Stored data:
..............................

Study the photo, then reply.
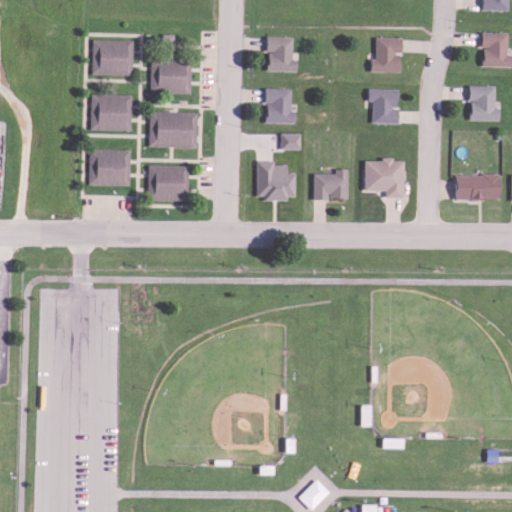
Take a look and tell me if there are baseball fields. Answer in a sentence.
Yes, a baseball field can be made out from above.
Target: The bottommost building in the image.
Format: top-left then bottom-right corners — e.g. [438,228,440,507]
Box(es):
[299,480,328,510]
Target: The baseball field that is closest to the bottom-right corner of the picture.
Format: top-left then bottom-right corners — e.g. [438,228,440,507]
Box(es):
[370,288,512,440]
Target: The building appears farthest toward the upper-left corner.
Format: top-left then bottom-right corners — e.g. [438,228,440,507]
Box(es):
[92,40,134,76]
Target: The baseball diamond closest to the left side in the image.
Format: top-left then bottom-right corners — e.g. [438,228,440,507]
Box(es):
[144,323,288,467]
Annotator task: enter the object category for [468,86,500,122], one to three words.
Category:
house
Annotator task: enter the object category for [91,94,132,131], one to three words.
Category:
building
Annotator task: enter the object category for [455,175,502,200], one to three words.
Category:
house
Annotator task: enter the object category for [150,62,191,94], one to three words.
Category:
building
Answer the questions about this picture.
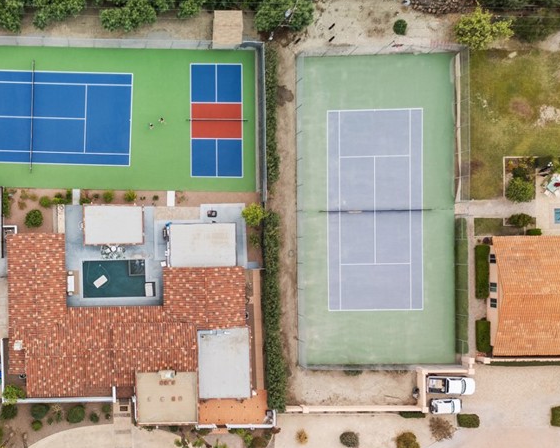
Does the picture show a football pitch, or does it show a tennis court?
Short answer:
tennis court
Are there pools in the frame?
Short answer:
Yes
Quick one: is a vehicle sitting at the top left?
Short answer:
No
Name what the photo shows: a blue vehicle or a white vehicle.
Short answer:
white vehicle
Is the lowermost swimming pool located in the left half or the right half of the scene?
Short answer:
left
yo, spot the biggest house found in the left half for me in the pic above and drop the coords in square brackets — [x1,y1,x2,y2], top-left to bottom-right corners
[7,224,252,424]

..............................

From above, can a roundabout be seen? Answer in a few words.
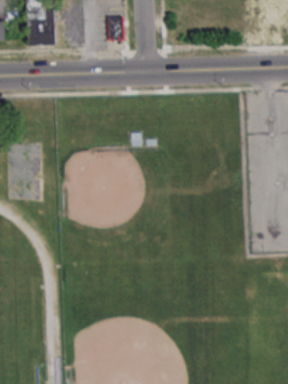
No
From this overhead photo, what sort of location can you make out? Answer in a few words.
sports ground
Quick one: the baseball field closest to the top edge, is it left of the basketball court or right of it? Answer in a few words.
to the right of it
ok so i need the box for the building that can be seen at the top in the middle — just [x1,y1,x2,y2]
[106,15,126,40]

..............................

■ REQUIREMENT: If a line in the records has the word "enter", copy that line.

■ RESPONSE FOR THIS EXERCISE:
Annotator task: enter the object category for [468,86,500,122], one to three words.
Annotator task: enter the object category for [91,94,132,131], one to three words.
Annotator task: enter the object category for [455,175,502,200], one to three words.
Annotator task: enter the object category for [150,62,191,94], one to three words.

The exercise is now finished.